OB Stephan Keller im DQ-Interview

Oberbürgermeister Dr. Stephan Keller ist in dieser Woche seit 100 Tagen im Amt. Im Interview mit Düsseldorf Queer spricht der CDU-Politiker über die vielfältige städtische Unterstützung für die LSBTIQ*-Community der Landeshauptstadt.

Bild: OB Stephan Keller
Dr. Stephan Keller (CDU) ist seit November 2020 neuer Oberbürgermeister der Landeshauptstadt Düsseldorf. // Foto: Norbert Hüttermann/Landeshauptstadt Düsseldorf

Herr Dr. Keller, seit gut drei Monaten sind Sie neuer Oberbürgermeister von Düsseldorf und schon in den ersten Wochen Ihrer Amtszeit hing die Regenbogenfahne gleich zweimal am Rathaus, worüber sich die Community sehr gefreut hat. Was kann die LSBTIQ*-Community der Landeshauptstadt von Ihnen und der kürzlich vereinbarten schwarz-grünen Kooperation erwarten?


Düsseldorf ist eine tolerante weltoffene Stadt mit einer sehr bunten und aktiven Community. Als Oberbürgermeister ist es mir ein Anliegen, dass sowohl in der Stadt als auch in der Stadtverwaltung, alle Menschen offen und selbstbestimmt leben und arbeiten können und wir als Arbeitgeberin auch Vorbild für andere Unternehmen sind.


In meinem ersten Monat als Oberbürgermeister habe ich bereits mehrere Aktionen gerne unterstützt, u.a. habe ich am 11. November den DiverseCity-Kongress unter dem Motto "Voneinander Lernen - Lebens- und Arbeitswelten von LSBTIQ+" eröffnet, den die Landeshauptstadt gemeinsam mit dem Völklinger Kreis e.V. durchführt hat. Im vergangenen Jahr habe ich die lokale LSBTIQ+ Community als sehr stark und engagiert erlebt und freue mich beispielsweise über die Kreativität bei der Umsetzung alternativer, Corona-konformer Veranstaltungen.

 

Schwarz-Grün will einen Aktionsplan LSBTIQ* auflegen, der allen Maßnahmen einen konzeptionellen Rahmen gibt. Nach den Erfahrungen mit entsprechenden Aktionsplänen – u.a. auch beim Land NRW – ist dies eine Riesenaufgabe. Für die Koordination soll das Gleichstellungsbüro der Stadt zuständig sein – ohne allerdings personell besser aufgestellt zu werden. Wie kann das gelingen?

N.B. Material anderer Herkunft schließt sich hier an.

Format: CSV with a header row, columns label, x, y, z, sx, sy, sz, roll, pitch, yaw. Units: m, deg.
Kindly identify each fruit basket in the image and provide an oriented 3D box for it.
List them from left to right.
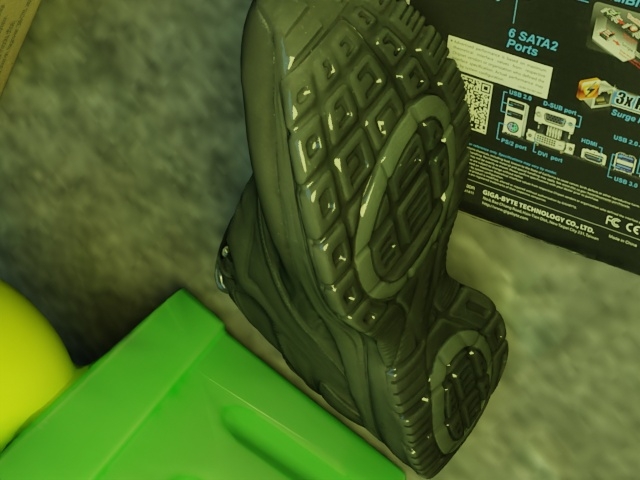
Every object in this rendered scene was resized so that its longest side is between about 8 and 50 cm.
label,x,y,z,sx,sy,sz,roll,pitch,yaw
fruit basket,-0.165,0.153,0.567,0.392,0.392,0.282,28,111,19

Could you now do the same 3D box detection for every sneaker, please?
label,x,y,z,sx,sy,sz,roll,pitch,yaw
sneaker,0.000,0.000,0.547,0.130,0.109,0.286,22,145,32

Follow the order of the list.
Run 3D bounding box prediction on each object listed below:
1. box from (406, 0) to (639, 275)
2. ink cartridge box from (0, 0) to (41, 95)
label,x,y,z,sx,sy,sz,roll,pitch,yaw
box,0.113,-0.132,0.484,0.296,0.073,0.293,21,131,22
ink cartridge box,-0.253,-0.196,0.659,0.234,0.088,0.193,57,147,7
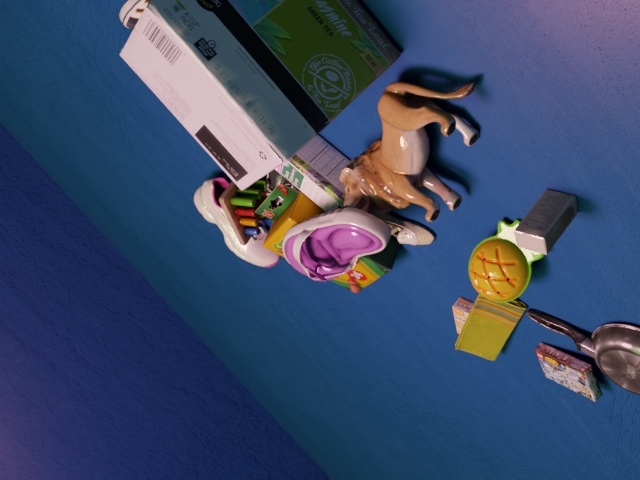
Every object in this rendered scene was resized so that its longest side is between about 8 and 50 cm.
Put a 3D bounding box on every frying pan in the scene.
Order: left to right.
[{"bbox_3d":[0.559,0.203,1.572,0.326,0.053,0.197,33,152,14],"label":"frying pan"}]

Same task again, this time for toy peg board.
[{"bbox_3d":[-0.159,-0.094,2.036,0.079,0.161,0.160,7,138,30],"label":"toy peg board"}]

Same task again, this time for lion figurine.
[{"bbox_3d":[0.156,-0.181,1.508,0.240,0.142,0.392,39,141,27],"label":"lion figurine"}]

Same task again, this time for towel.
[{"bbox_3d":[0.372,0.193,1.789,0.102,0.021,0.237,21,143,8],"label":"towel"}]

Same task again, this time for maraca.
[{"bbox_3d":[0.357,0.042,1.566,0.127,0.099,0.185,39,129,17],"label":"maraca"}]

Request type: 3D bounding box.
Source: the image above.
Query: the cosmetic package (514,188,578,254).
[{"bbox_3d":[0.387,-0.033,1.383,0.060,0.115,0.041,20,145,40],"label":"cosmetic package"}]

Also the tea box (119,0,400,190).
[{"bbox_3d":[-0.104,-0.325,1.412,0.329,0.323,0.220,48,154,-10],"label":"tea box"}]

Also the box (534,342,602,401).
[{"bbox_3d":[0.527,0.279,1.720,0.137,0.027,0.094,25,151,53],"label":"box"}]

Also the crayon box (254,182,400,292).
[{"bbox_3d":[0.000,0.000,1.898,0.318,0.081,0.202,27,154,-10],"label":"crayon box"}]

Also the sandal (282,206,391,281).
[{"bbox_3d":[0.008,0.030,1.725,0.169,0.102,0.416,28,157,-9],"label":"sandal"}]

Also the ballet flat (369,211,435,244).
[{"bbox_3d":[0.172,-0.019,1.780,0.168,0.052,0.057,25,148,34],"label":"ballet flat"}]

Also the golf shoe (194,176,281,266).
[{"bbox_3d":[-0.221,-0.051,2.230,0.306,0.115,0.140,44,151,-3],"label":"golf shoe"}]

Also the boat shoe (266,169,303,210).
[{"bbox_3d":[-0.081,-0.107,1.964,0.114,0.091,0.302,22,147,37],"label":"boat shoe"}]

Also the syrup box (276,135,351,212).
[{"bbox_3d":[-0.006,-0.155,1.784,0.237,0.096,0.093,39,154,7],"label":"syrup box"}]

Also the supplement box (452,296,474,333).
[{"bbox_3d":[0.342,0.182,1.854,0.062,0.036,0.098,22,146,36],"label":"supplement box"}]

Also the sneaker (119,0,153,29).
[{"bbox_3d":[-0.322,-0.489,1.706,0.127,0.126,0.321,56,150,-12],"label":"sneaker"}]
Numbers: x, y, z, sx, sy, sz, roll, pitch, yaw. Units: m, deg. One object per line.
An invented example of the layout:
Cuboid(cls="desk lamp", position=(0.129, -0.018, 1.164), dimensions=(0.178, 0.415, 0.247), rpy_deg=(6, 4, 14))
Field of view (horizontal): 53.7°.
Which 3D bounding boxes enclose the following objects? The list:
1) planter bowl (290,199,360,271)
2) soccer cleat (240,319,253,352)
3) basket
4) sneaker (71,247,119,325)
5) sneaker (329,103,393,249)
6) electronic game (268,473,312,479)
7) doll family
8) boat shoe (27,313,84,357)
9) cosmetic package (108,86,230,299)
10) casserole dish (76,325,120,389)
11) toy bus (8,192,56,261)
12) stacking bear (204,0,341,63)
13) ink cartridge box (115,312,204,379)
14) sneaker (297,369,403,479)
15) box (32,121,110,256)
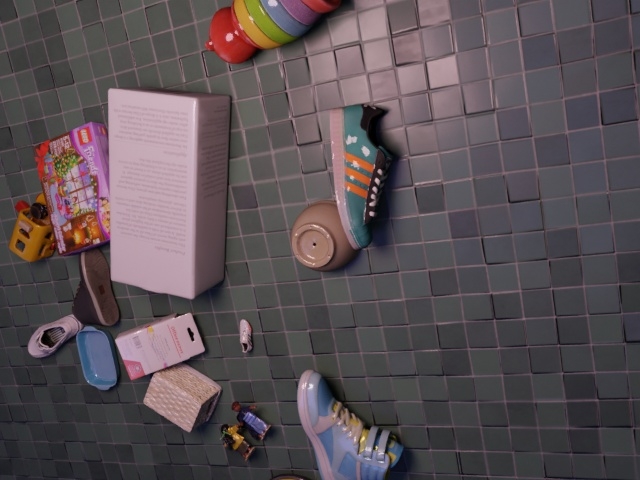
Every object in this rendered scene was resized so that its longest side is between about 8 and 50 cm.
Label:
Cuboid(cls="planter bowl", position=(0.000, 0.000, 1.395), dimensions=(0.162, 0.109, 0.162), rpy_deg=(6, 106, 20))
Cuboid(cls="soccer cleat", position=(-0.187, 0.238, 1.569), dimensions=(0.029, 0.035, 0.083), rpy_deg=(-1, 104, 21))
Cuboid(cls="basket", position=(-0.362, 0.403, 1.643), dimensions=(0.167, 0.103, 0.113), rpy_deg=(29, 111, 13))
Cuboid(cls="sneaker", position=(-0.624, 0.126, 1.682), dimensions=(0.118, 0.083, 0.222), rpy_deg=(-8, 98, 28))
Cuboid(cls="sneaker", position=(0.094, -0.134, 1.311), dimensions=(0.121, 0.108, 0.302), rpy_deg=(-6, 91, 13))
Cuboid(cls="electronic game", position=(-0.057, 0.710, 1.639), dimensions=(0.229, 0.048, 0.229), rpy_deg=(5, 105, 19))
Cuboid(cls="doll family", position=(-0.201, 0.485, 1.625), dimensions=(0.111, 0.076, 0.193), rpy_deg=(39, 109, 12))
Cuboid(cls="boat shoe", position=(-0.766, 0.272, 1.778), dimensions=(0.226, 0.076, 0.083), rpy_deg=(-35, 90, 25))
Cuboid(cls="cosmetic package", position=(-0.349, -0.116, 1.469), dimensions=(0.230, 0.161, 0.453), rpy_deg=(11, 107, 18))
Cuboid(cls="casserole dish", position=(-0.612, 0.322, 1.755), dimensions=(0.114, 0.037, 0.188), rpy_deg=(-3, 102, 22))
Cuboid(cls="toy bus", position=(-0.748, -0.044, 1.672), dimensions=(0.191, 0.104, 0.202), rpy_deg=(-13, 99, 23))
Cuboid(cls="stacking bear", position=(-0.114, -0.469, 1.297), dimensions=(0.289, 0.175, 0.164), rpy_deg=(-25, 87, 34))
Cuboid(cls="ink cartridge box", position=(-0.406, 0.262, 1.617), dimensions=(0.198, 0.067, 0.115), rpy_deg=(-19, 98, -6))
Cuboid(cls="sneaker", position=(0.078, 0.436, 1.475), dimensions=(0.208, 0.127, 0.319), rpy_deg=(-10, 110, 25))
Cuboid(cls="box", position=(-0.600, -0.125, 1.587), dimensions=(0.201, 0.057, 0.293), rpy_deg=(-16, 86, 21))

In der Kooperationsvereinbarung des neuen Gestaltungsbündnisses aus CDU und Bündnis 90/Die Grünen ist der Bereich LSBTIQ+ klar benannt. Eine Stärkung der Community seitens der Stadt wird entsprechend erfolgen. Um umfangreicher als bislang für die Belange der Community ansprechbar zu sein, kann die Community von einer Stärkung des Themenbereiches LSBTIQ+ im zukünftigen Amt für Gleichstellung ausgehen. Die Wahlprüfsteine seitens des LSBTIQ+ Forums sind eine Grundlage für den Aktionsplan. Auf diese Weise werden die Bedarfe und Wünsche der Community aufgenommen und in den Aufbau zukünftiger Strukturen einfließen.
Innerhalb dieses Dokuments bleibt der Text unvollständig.